I don’t like snakes, but “Diarrhea on a Plane” would be a lot scarier.

@lovemydogduck

I WAS LIKE
AND HE WAS LIKE
AND I WAS LIKE
AND SHE WAS LIKE
(The speech impediment of the 21st century)

@ThePocketJustin

No matter how often I scream METALLICA in the poolside DJ’s face I don’t think he’s going to play them. Here come the police they’ll help me

@hyperseas

Guys, don’t ever tell a girl that she’s yummier than a gummy bear, she’ll know it’s not true because nothing is yummier than a gummy bear.

@Midgetspar

When someone’s all, “Words cannot begin to describe …” I’m all YES THEY CAN YOU HAVE A LIMITED VOCABULARY.

@haleysfalling

I’ve decided that I’m going to start texting people back.

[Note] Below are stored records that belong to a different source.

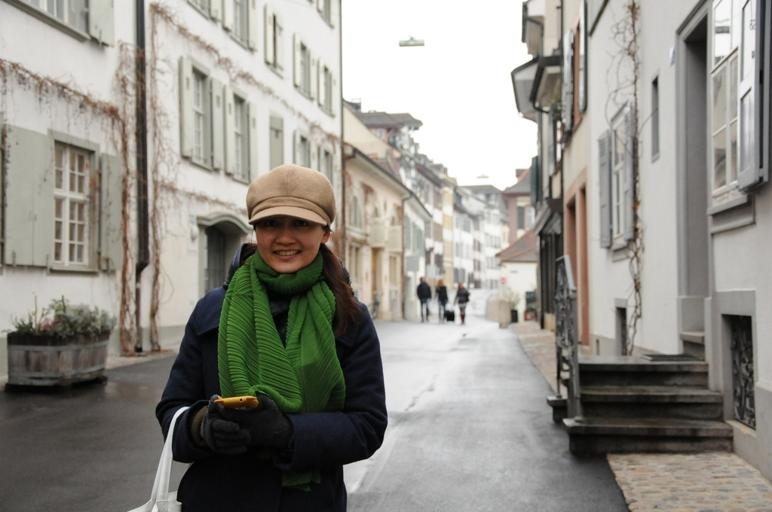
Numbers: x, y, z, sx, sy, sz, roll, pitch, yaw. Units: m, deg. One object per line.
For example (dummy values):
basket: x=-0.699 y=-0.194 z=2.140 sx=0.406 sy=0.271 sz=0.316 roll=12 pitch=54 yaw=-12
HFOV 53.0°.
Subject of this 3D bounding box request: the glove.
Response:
glove: x=-0.837 y=1.064 z=4.721 sx=0.400 sy=0.215 sz=0.468 roll=-2 pitch=-39 yaw=4
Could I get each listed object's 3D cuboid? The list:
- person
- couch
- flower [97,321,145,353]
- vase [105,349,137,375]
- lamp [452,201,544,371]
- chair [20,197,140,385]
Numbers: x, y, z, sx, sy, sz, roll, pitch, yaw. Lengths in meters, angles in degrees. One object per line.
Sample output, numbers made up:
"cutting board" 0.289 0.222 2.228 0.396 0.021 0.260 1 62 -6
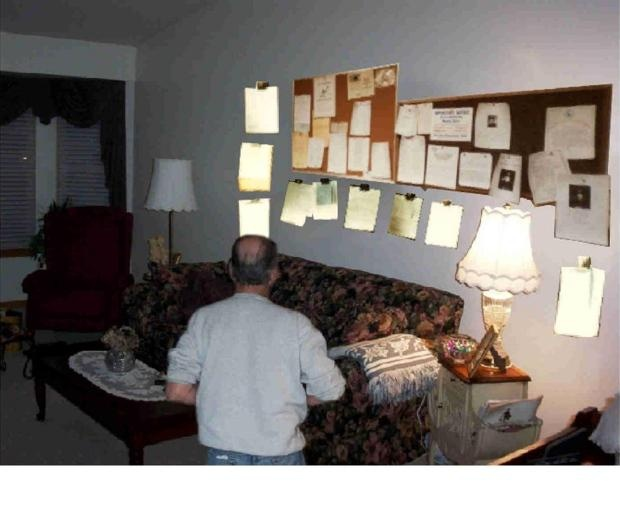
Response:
"person" -0.177 0.325 1.551 0.573 0.777 0.195 1 4 3
"couch" -0.233 0.616 3.313 0.950 1.185 2.786 7 1 -32
"flower" -1.170 0.545 2.948 0.217 0.146 0.203 12 16 -42
"vase" -1.157 0.638 2.899 0.135 0.146 0.144 1 -3 -3
"lamp" 0.868 0.146 2.194 0.331 0.753 0.292 -2 5 -32
"chair" -2.127 0.280 4.399 0.925 1.492 0.923 2 3 -29
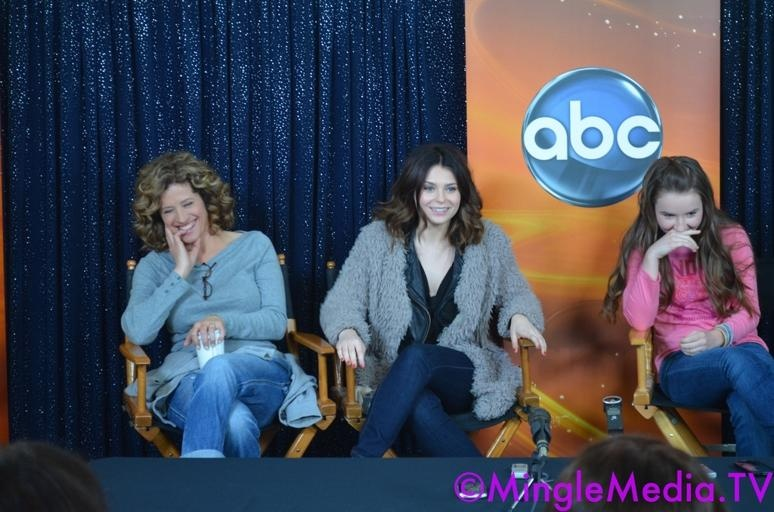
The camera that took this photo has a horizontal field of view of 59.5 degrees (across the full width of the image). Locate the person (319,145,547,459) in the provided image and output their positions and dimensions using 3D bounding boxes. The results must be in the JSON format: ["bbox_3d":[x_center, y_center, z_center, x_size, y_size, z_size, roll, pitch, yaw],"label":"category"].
[{"bbox_3d":[0.210,0.202,3.021,1.055,1.650,1.164,0,-1,1],"label":"person"}]

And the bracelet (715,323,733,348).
[{"bbox_3d":[1.326,0.314,2.673,0.058,0.081,0.030,17,-28,5],"label":"bracelet"}]

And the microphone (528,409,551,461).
[{"bbox_3d":[0.435,0.529,1.959,0.050,0.055,0.182,2,35,5],"label":"microphone"}]

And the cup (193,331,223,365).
[{"bbox_3d":[-0.643,0.342,2.502,0.110,0.138,0.115,0,-6,0],"label":"cup"}]

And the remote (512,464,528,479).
[{"bbox_3d":[0.355,0.581,1.819,0.042,0.020,0.057,-2,1,10],"label":"remote"}]
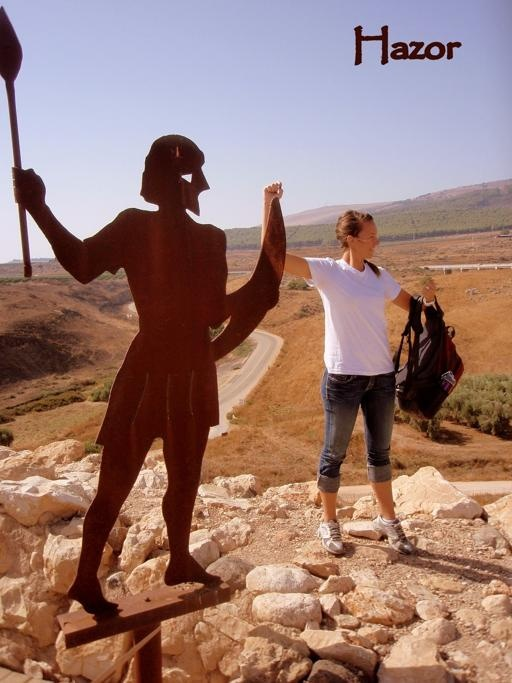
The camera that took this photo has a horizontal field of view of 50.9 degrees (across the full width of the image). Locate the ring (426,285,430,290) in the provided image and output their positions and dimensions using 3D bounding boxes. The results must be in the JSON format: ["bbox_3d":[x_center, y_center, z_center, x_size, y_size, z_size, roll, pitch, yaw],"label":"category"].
[{"bbox_3d":[1.080,-0.342,3.380,0.031,0.029,0.009,1,-5,38],"label":"ring"}]

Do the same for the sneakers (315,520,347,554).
[{"bbox_3d":[0.470,1.234,3.426,0.095,0.107,0.244,10,4,-24],"label":"sneakers"}]

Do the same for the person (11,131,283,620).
[{"bbox_3d":[-0.394,0.104,2.395,1.046,2.003,0.418,-8,11,-35],"label":"person"}]

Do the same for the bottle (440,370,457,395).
[{"bbox_3d":[1.187,0.259,3.319,0.105,0.135,0.139,3,-3,-22],"label":"bottle"}]

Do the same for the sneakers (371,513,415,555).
[{"bbox_3d":[0.882,1.237,3.453,0.300,0.118,0.105,36,7,35],"label":"sneakers"}]

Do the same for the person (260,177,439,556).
[{"bbox_3d":[0.590,0.265,3.364,0.762,2.138,0.499,-1,9,2],"label":"person"}]
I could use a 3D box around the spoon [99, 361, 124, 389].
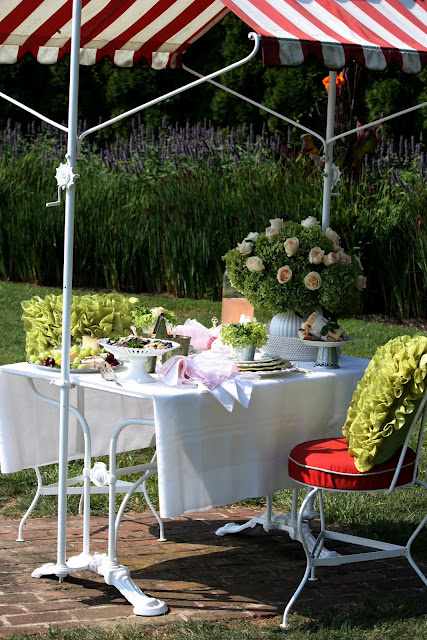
[{"bbox_3d":[-0.356,0.189,3.089,0.027,0.043,0.156,50,4,-29],"label":"spoon"}]

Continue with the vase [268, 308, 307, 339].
[{"bbox_3d":[0.311,0.011,3.732,0.123,0.110,0.118,2,-4,-10],"label":"vase"}]

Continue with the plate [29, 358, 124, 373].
[{"bbox_3d":[-0.507,0.146,3.279,0.238,0.061,0.319,2,5,45],"label":"plate"}]

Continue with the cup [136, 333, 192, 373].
[{"bbox_3d":[-0.169,0.122,3.319,0.128,0.100,0.139,0,6,0],"label":"cup"}]
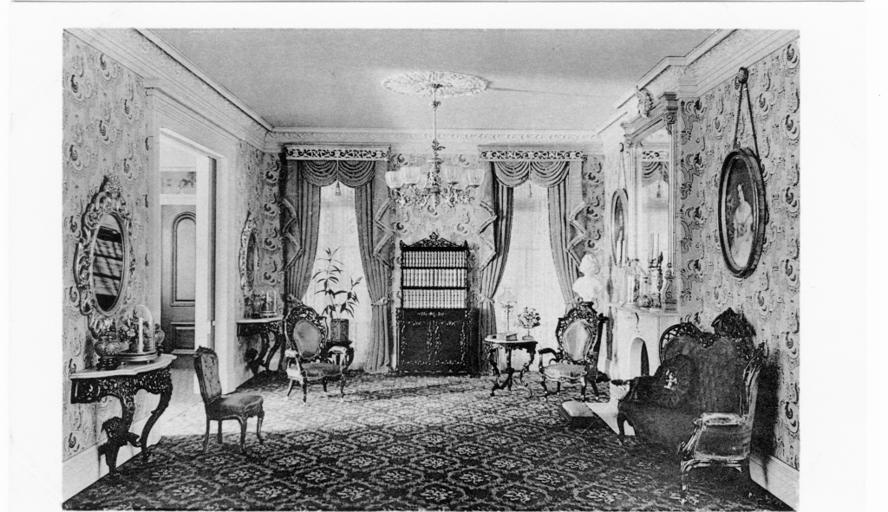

That’s it. That’s the joke.

@JediGigi

Um how poor are you to sell your own yard? For real. And like, nobody’s going to buy it with tables full of junk all over it. Geez. Idiots.

@brakco

I can’t help but feel that if Mario hadn’t been taking so many mushrooms he would have found the right castle rather quickly..

@trims_the_fat

Funny how people get all angry when you break something of their’s that they don’t ever use. Like turn signals with a baseball bat.